Initial experience with location-based companies using the MatchAPI platform reveals interesting insights about the quality of location data. Statistics from datasets uploaded indicate that when the Placecast MatchAPI platform cleans a data set, there is an average fault rate of over 8%, growing to as much as 40% in data sets with high proportions of user-generated content . . .

With the strong initial interest, Placecast is now rolling out a developer portal in order to continue to provide free services for correcting duplication and matching across different location data sets, two of the biggest challenges in building location-based services that scale. The portal is live at http://www.placecast.net/developer/

Alistair Goodman also corrected some faulty assumptions I held about the product.
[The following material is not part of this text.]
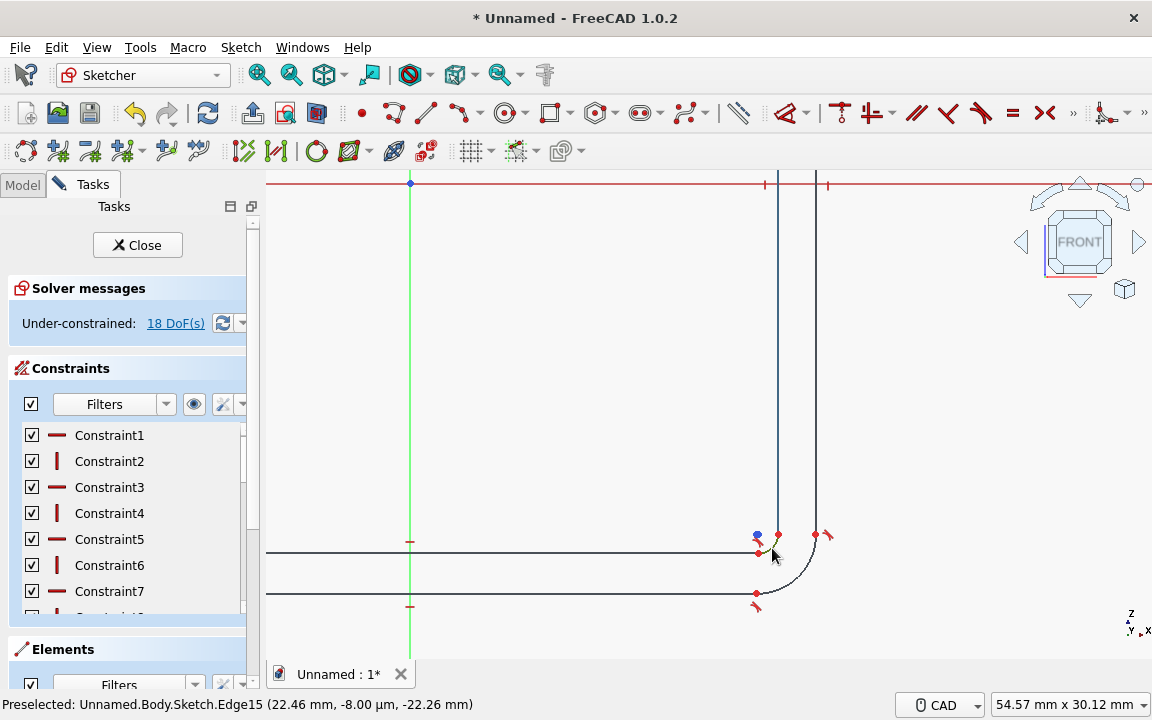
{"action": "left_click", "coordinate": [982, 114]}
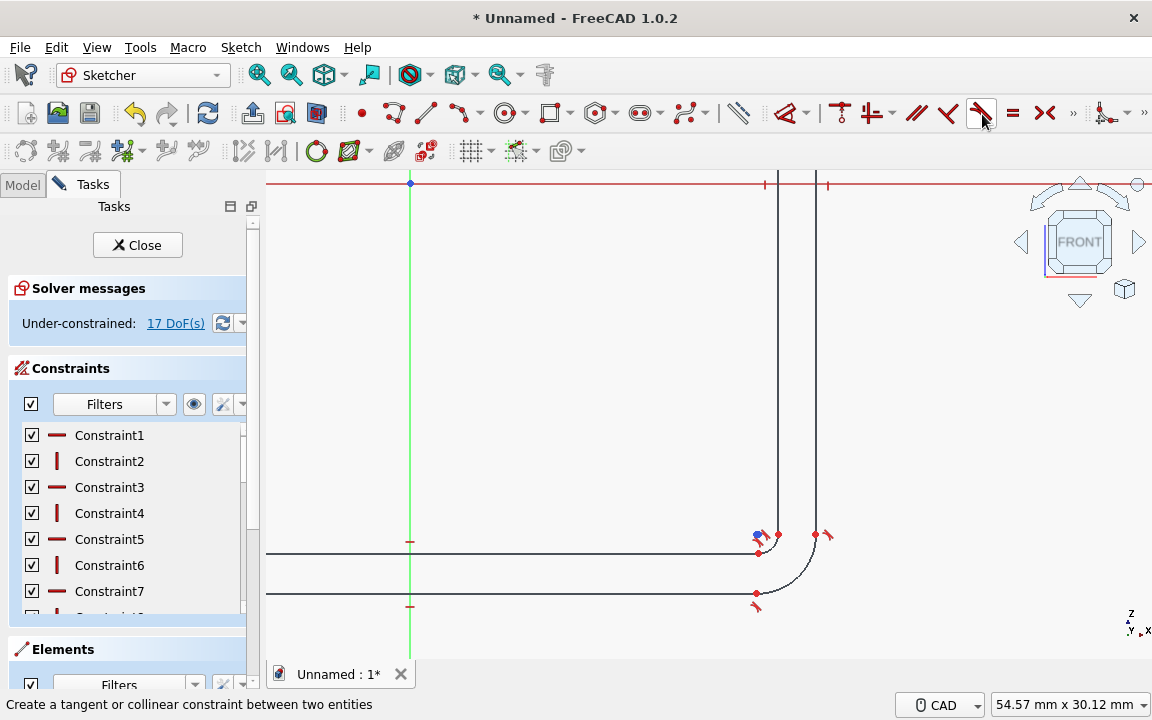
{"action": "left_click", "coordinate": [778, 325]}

Placecast isn’t working with a master database and comparing individual data sets to that master list. Nor are they generating one — yet.

It would be hypothetically possible through the involvement of all these parties for Placecast to develop a common, clean LBS database. This is my speculation, however, and not anything Goodman said the company would be doing. At the present time it’s not sharing data among partners. But “collaboration” is one of the features or “values” in the Match API developer portal.

This master LBS database is, in a way, “low-hanging fruit” as a phase II for this product. There’s also the potential for a local ad network or “exchange,” which could eventually emerge from this as well.